— Try it —
An exact repetition of every entry, with no images, is the required answer.

— Information given —
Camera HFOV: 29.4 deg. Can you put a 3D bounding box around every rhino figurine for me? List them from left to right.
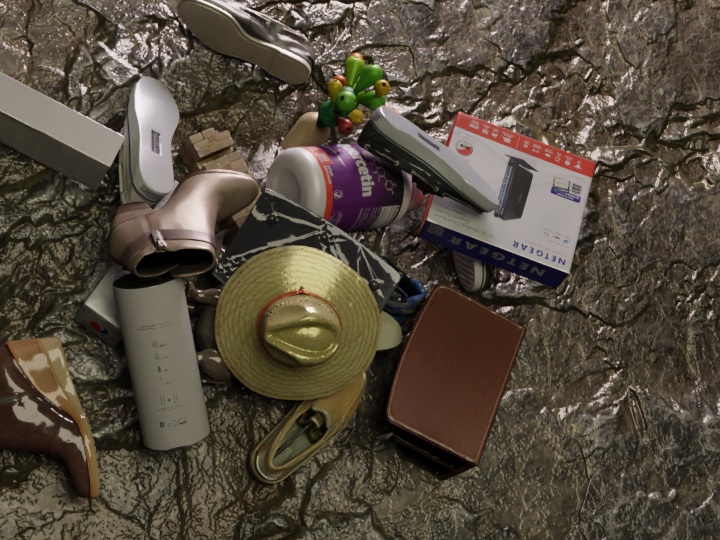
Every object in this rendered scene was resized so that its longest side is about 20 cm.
[{"bbox_3d":[-0.177,0.044,1.671,0.087,0.060,0.201,15,71,-21],"label":"rhino figurine"}]

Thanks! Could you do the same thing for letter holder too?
[{"bbox_3d":[0.101,0.139,1.743,0.142,0.101,0.201,28,64,-11],"label":"letter holder"}]

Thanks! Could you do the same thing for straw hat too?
[{"bbox_3d":[-0.069,0.071,1.592,0.200,0.085,0.202,-1,101,-7],"label":"straw hat"}]

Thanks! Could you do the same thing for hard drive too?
[{"bbox_3d":[-0.065,0.005,1.653,0.199,0.042,0.135,32,86,-11],"label":"hard drive"}]

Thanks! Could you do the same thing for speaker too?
[{"bbox_3d":[-0.228,0.100,1.573,0.081,0.081,0.201,-18,109,-27],"label":"speaker"}]

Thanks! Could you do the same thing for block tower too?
[{"bbox_3d":[-0.155,-0.081,1.728,0.054,0.058,0.201,-26,86,-28],"label":"block tower"}]

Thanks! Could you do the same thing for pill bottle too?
[{"bbox_3d":[-0.014,-0.106,1.756,0.199,0.112,0.113,-9,76,-37],"label":"pill bottle"}]

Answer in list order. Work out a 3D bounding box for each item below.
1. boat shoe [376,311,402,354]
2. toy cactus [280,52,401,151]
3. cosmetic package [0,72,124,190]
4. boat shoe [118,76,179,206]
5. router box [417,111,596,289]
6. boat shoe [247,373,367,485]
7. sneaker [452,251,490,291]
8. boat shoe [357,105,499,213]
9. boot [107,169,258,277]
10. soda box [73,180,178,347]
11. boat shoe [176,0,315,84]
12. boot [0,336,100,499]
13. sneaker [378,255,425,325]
[{"bbox_3d":[-0.047,0.078,1.720,0.200,0.063,0.074,4,55,-21],"label":"boat shoe"},{"bbox_3d":[-0.028,-0.202,1.787,0.165,0.200,0.102,-40,107,11],"label":"toy cactus"},{"bbox_3d":[-0.389,-0.174,1.643,0.199,0.083,0.051,28,61,-14],"label":"cosmetic package"},{"bbox_3d":[-0.268,-0.154,1.696,0.072,0.066,0.201,26,42,-38],"label":"boat shoe"},{"bbox_3d":[0.194,-0.093,1.799,0.199,0.049,0.180,20,61,-4],"label":"router box"},{"bbox_3d":[-0.052,0.181,1.673,0.072,0.076,0.200,43,61,-5],"label":"boat shoe"},{"bbox_3d":[0.163,-0.071,1.851,0.079,0.078,0.201,-2,72,-18],"label":"sneaker"},{"bbox_3d":[0.085,-0.129,1.725,0.200,0.057,0.069,36,23,-13],"label":"boat shoe"},{"bbox_3d":[-0.193,-0.046,1.572,0.199,0.146,0.071,-17,123,-15],"label":"boot"},{"bbox_3d":[-0.259,-0.008,1.651,0.063,0.068,0.200,37,63,-8],"label":"soda box"},{"bbox_3d":[-0.149,-0.314,1.809,0.199,0.067,0.057,28,48,-18],"label":"boat shoe"},{"bbox_3d":[-0.391,0.183,1.543,0.166,0.072,0.201,-19,82,-15],"label":"boot"},{"bbox_3d":[0.000,0.000,1.756,0.199,0.078,0.076,23,64,-15],"label":"sneaker"}]

— Written answer —
Camera HFOV: 29.4 deg. Can you put a 3D bounding box around every rhino figurine for me? List them from left to right.
Every object in this rendered scene was resized so that its longest side is about 20 cm.
[{"bbox_3d":[-0.177,0.044,1.671,0.087,0.060,0.201,15,71,-21],"label":"rhino figurine"}]

Thanks! Could you do the same thing for letter holder too?
[{"bbox_3d":[0.101,0.139,1.743,0.142,0.101,0.201,28,64,-11],"label":"letter holder"}]

Thanks! Could you do the same thing for straw hat too?
[{"bbox_3d":[-0.069,0.071,1.592,0.200,0.085,0.202,-1,101,-7],"label":"straw hat"}]

Thanks! Could you do the same thing for hard drive too?
[{"bbox_3d":[-0.065,0.005,1.653,0.199,0.042,0.135,32,86,-11],"label":"hard drive"}]

Thanks! Could you do the same thing for speaker too?
[{"bbox_3d":[-0.228,0.100,1.573,0.081,0.081,0.201,-18,109,-27],"label":"speaker"}]

Thanks! Could you do the same thing for block tower too?
[{"bbox_3d":[-0.155,-0.081,1.728,0.054,0.058,0.201,-26,86,-28],"label":"block tower"}]

Thanks! Could you do the same thing for pill bottle too?
[{"bbox_3d":[-0.014,-0.106,1.756,0.199,0.112,0.113,-9,76,-37],"label":"pill bottle"}]

Answer in list order. Work out a 3D bounding box for each item below.
1. boat shoe [376,311,402,354]
2. toy cactus [280,52,401,151]
3. cosmetic package [0,72,124,190]
4. boat shoe [118,76,179,206]
5. router box [417,111,596,289]
6. boat shoe [247,373,367,485]
7. sneaker [452,251,490,291]
8. boat shoe [357,105,499,213]
9. boot [107,169,258,277]
10. soda box [73,180,178,347]
11. boat shoe [176,0,315,84]
12. boot [0,336,100,499]
13. sneaker [378,255,425,325]
[{"bbox_3d":[-0.047,0.078,1.720,0.200,0.063,0.074,4,55,-21],"label":"boat shoe"},{"bbox_3d":[-0.028,-0.202,1.787,0.165,0.200,0.102,-40,107,11],"label":"toy cactus"},{"bbox_3d":[-0.389,-0.174,1.643,0.199,0.083,0.051,28,61,-14],"label":"cosmetic package"},{"bbox_3d":[-0.268,-0.154,1.696,0.072,0.066,0.201,26,42,-38],"label":"boat shoe"},{"bbox_3d":[0.194,-0.093,1.799,0.199,0.049,0.180,20,61,-4],"label":"router box"},{"bbox_3d":[-0.052,0.181,1.673,0.072,0.076,0.200,43,61,-5],"label":"boat shoe"},{"bbox_3d":[0.163,-0.071,1.851,0.079,0.078,0.201,-2,72,-18],"label":"sneaker"},{"bbox_3d":[0.085,-0.129,1.725,0.200,0.057,0.069,36,23,-13],"label":"boat shoe"},{"bbox_3d":[-0.193,-0.046,1.572,0.199,0.146,0.071,-17,123,-15],"label":"boot"},{"bbox_3d":[-0.259,-0.008,1.651,0.063,0.068,0.200,37,63,-8],"label":"soda box"},{"bbox_3d":[-0.149,-0.314,1.809,0.199,0.067,0.057,28,48,-18],"label":"boat shoe"},{"bbox_3d":[-0.391,0.183,1.543,0.166,0.072,0.201,-19,82,-15],"label":"boot"},{"bbox_3d":[0.000,0.000,1.756,0.199,0.078,0.076,23,64,-15],"label":"sneaker"}]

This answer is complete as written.